Dans le cadre de leur recherche, les scientifiques ont rassemblé des données simulées provenant de 1024 individus recevant un traitement pour de tels désordres.
Les chercheurs ont ensuite comparé les conclusions du traitement tirées par cinq analystes du comportement titulaires d’un doctorat, avec celles obtenues par un modèle informatique que les deux universitaires ont mis au point en utilisant l’apprentissage automatique.
«Les cinq professionnels ne sont arrivés aux mêmes conclusions qu’environ 75 % du temps», affirme dans un communiqué M. Lanovaz, professeur agrégé et directeur du Laboratoire de recherche comportementale appliquée de l’École de psychoéducation de l’UdeM.

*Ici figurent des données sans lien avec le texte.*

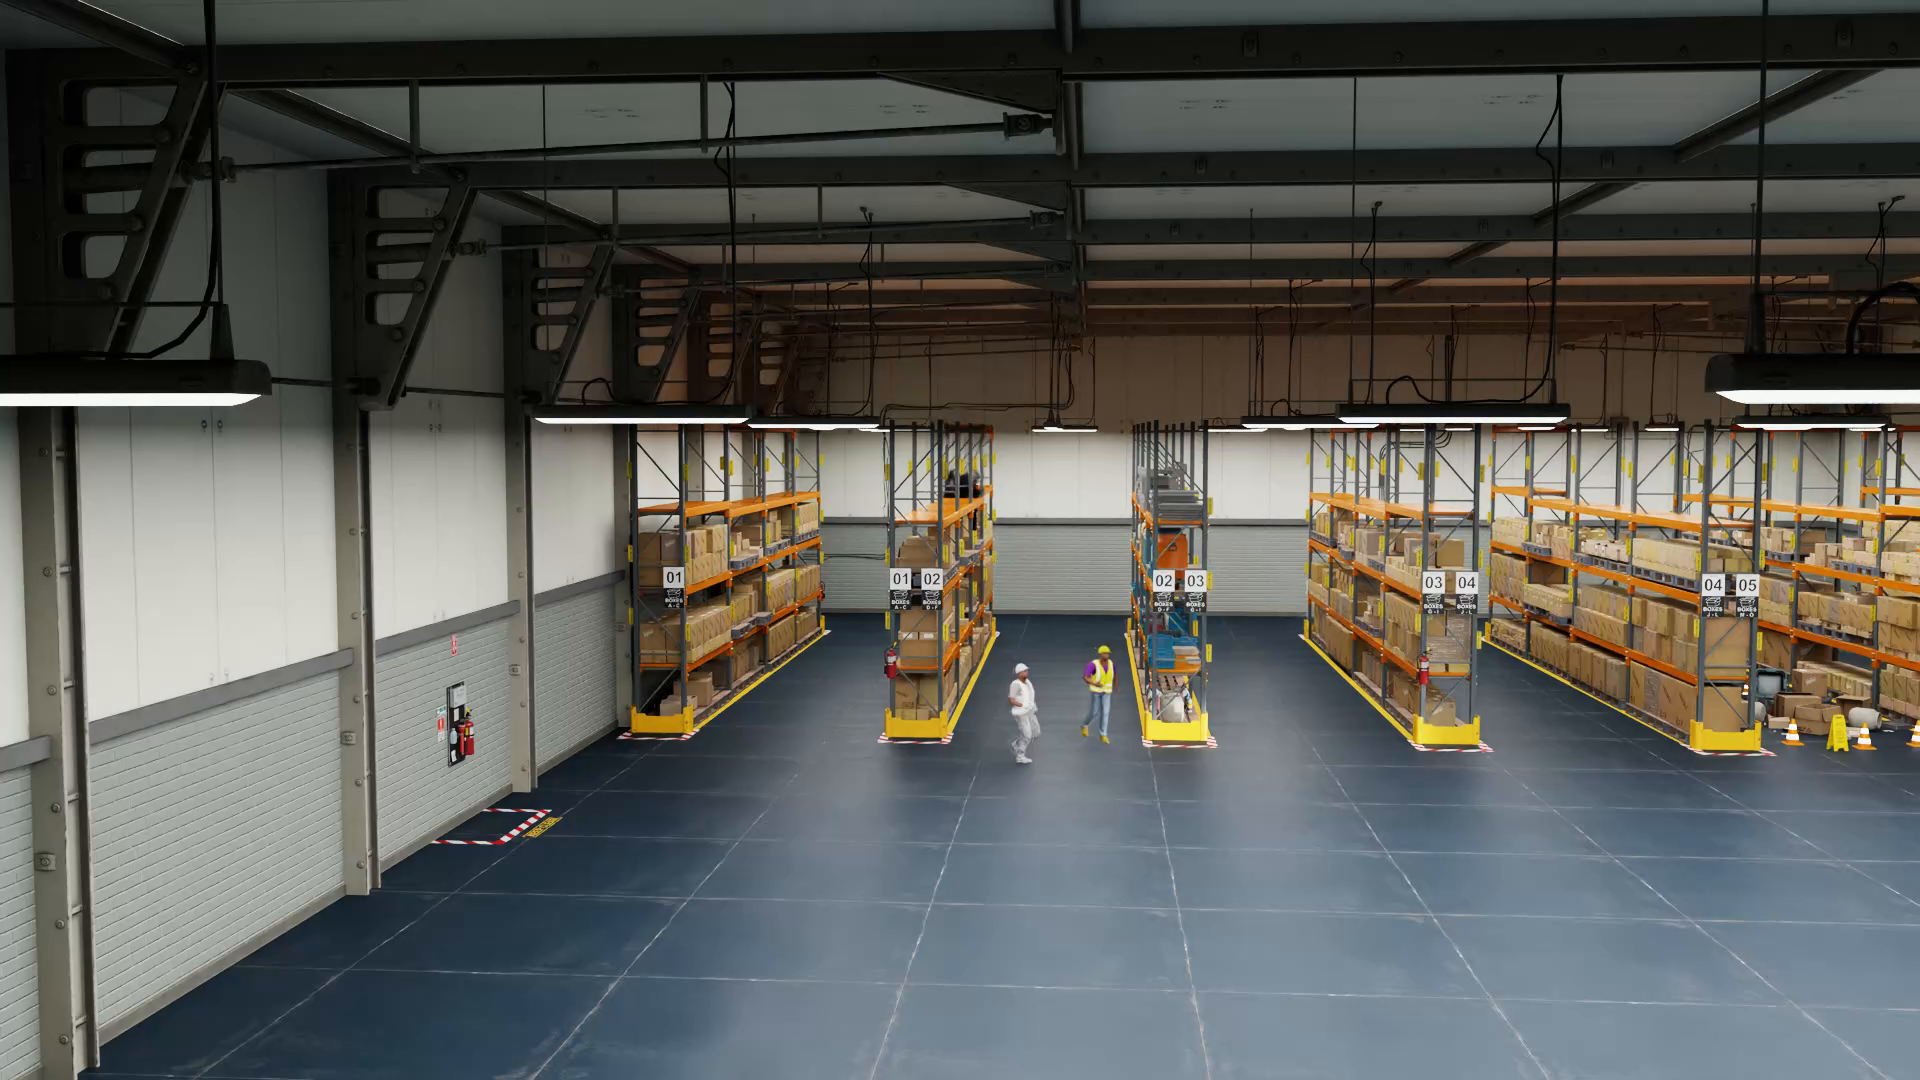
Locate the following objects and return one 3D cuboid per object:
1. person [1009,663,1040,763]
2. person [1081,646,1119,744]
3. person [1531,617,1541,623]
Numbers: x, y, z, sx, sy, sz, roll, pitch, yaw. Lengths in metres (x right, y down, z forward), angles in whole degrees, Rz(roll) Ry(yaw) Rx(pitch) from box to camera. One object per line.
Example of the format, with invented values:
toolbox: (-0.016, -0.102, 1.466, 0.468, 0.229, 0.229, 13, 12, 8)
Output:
person: (1.127, 3.018, 28.957, 0.610, 1.735, 0.676, 2, 4, 32)
person: (2.656, 2.872, 31.209, 0.755, 1.784, 0.848, -1, 4, -20)
person: (16.525, 1.787, 48.088, 0.863, 1.842, 0.673, -1, 4, -19)
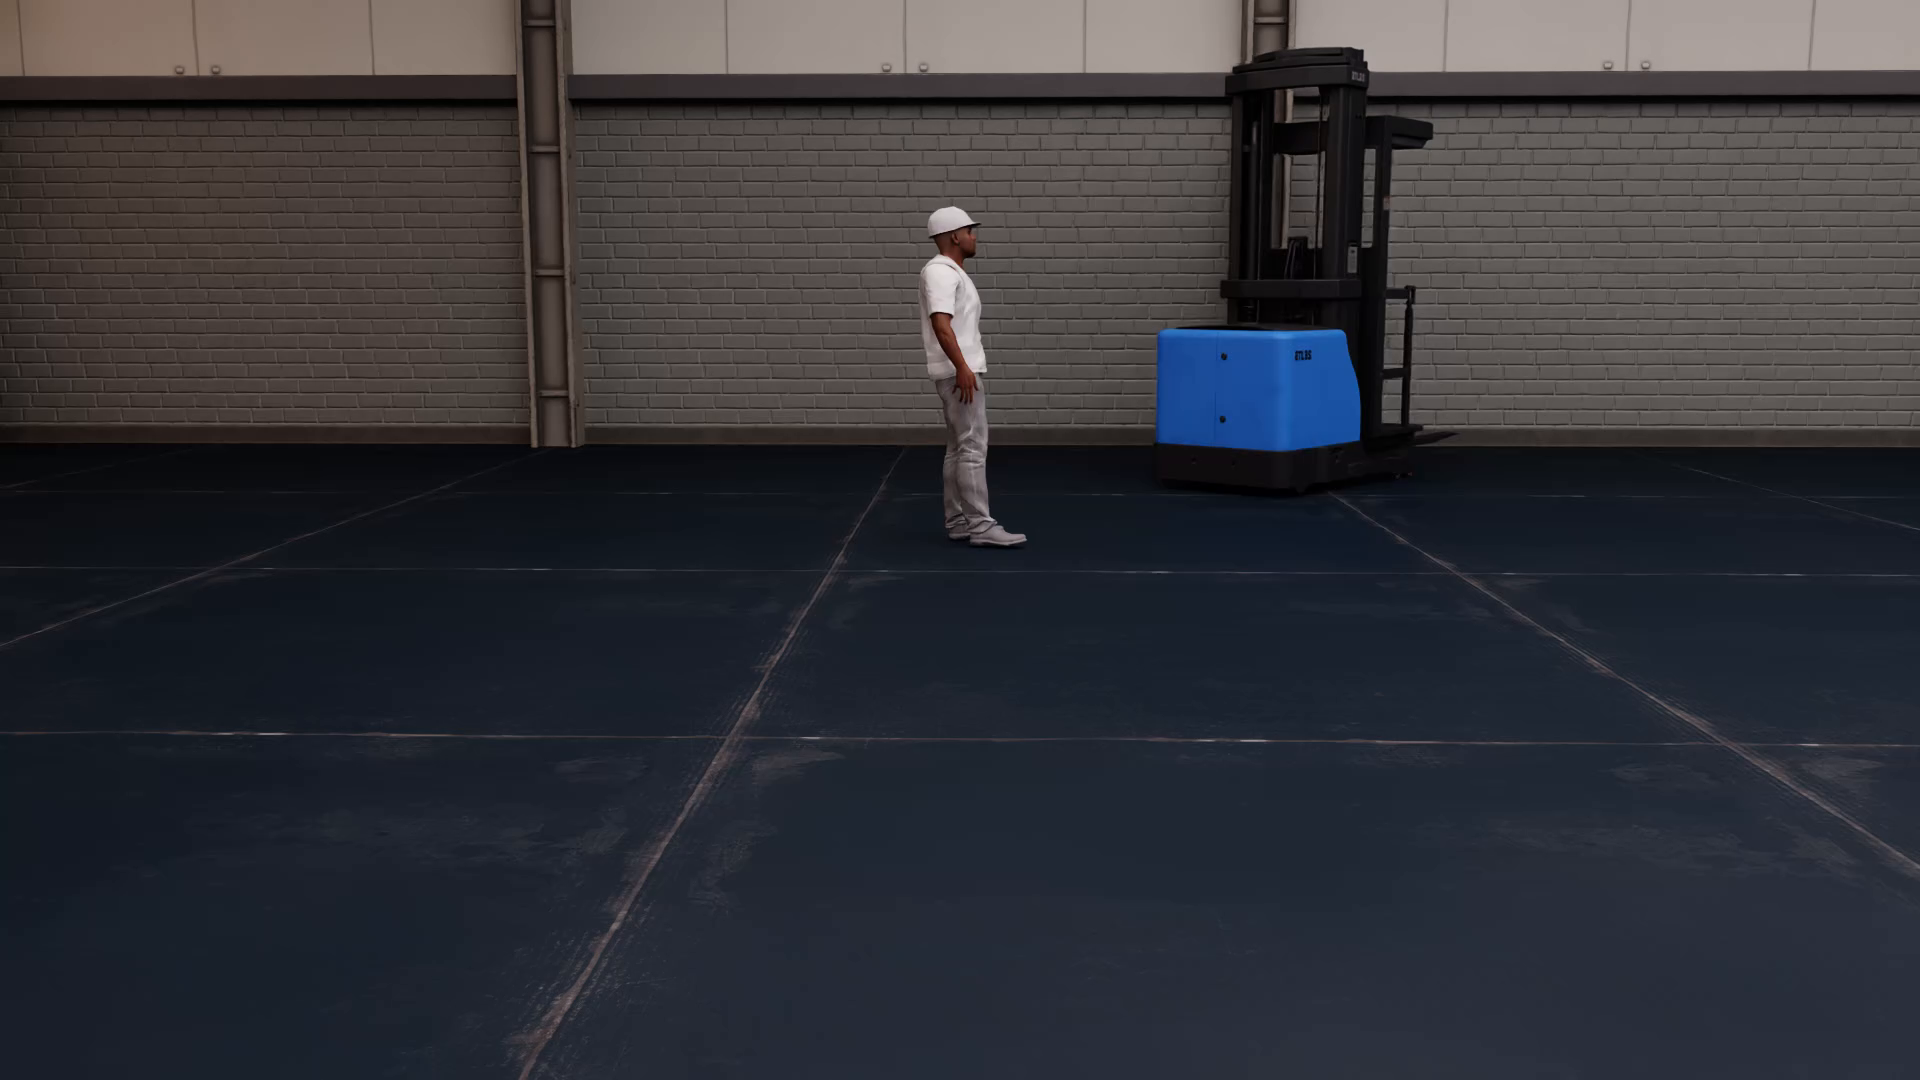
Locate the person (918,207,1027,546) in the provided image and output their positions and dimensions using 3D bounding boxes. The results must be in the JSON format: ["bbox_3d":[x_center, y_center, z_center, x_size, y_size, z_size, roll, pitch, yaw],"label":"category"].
[{"bbox_3d":[0.070,-0.879,8.860,0.575,1.768,0.665,0,9,1],"label":"person"}]

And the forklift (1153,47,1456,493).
[{"bbox_3d":[2.648,-1.925,11.900,1.130,2.935,3.031,7,11,40],"label":"forklift"}]

Encore plus étonnant, l’apprentissage automatique a produit moins d’erreurs de décision que l’ensemble des professionnels, ont constaté les chercheurs.
UNE NOUVELLE FORME DE MÉDECINE
Ces découvertes sont importantes, car elles pourraient paver la voie à une meilleure médecine psychiatrique.

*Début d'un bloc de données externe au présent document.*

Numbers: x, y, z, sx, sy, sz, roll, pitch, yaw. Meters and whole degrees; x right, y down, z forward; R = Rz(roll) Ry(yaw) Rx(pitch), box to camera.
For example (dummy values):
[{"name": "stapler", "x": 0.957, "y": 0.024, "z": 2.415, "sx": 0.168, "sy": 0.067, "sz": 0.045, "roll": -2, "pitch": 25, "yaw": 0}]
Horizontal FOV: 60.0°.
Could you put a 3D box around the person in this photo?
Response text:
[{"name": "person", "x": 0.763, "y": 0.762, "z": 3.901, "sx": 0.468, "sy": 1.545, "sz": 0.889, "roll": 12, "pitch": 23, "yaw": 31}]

«Les professionnels de la médecine et de l’éducation ne s’entendent pas toujours sur l’efficacité des interventions comportementales, ce qui peut conduire à des traitements inadéquats», insiste M Lanovaz.
Motivés par ces bons résultats, les deux scientifiques souhaitent pousser plus loin leur recherche et ils entrevoient l’intégration de leur « modèle dans une application qui pourrait prendre automatiquement des décisions ou fournir un retour d’information sur l’évolution du traitement».
Ceux-ci espèrent qu’un jour on utilisera l’apprentissage automatique pour faciliter le travail des professionnels, sans réellement les remplacer, « tout en rendant les décisions de traitement plus cohérentes et prévisibles ».
«Par exemple, les médecins pourraient un jour recourir à cette technologie pour les aider à décider de poursuivre ou d’interrompre le traitement de personnes souffrant de troubles aussi variés que l’autisme, le TDAH (trouble déficitaire de l’attention avec hyperactivité), l’anxiété et la dépression», souligne M. Lanovaz.
Selon lui, «la prise de décision clinique et éducative individualisée est l’une des pierres angulaires du traitement psychologique et comportemental. Notre étude peut donc conduire à de meilleures options de traitement pour les millions de personnes qui bénéficient de ce type de services dans le monde».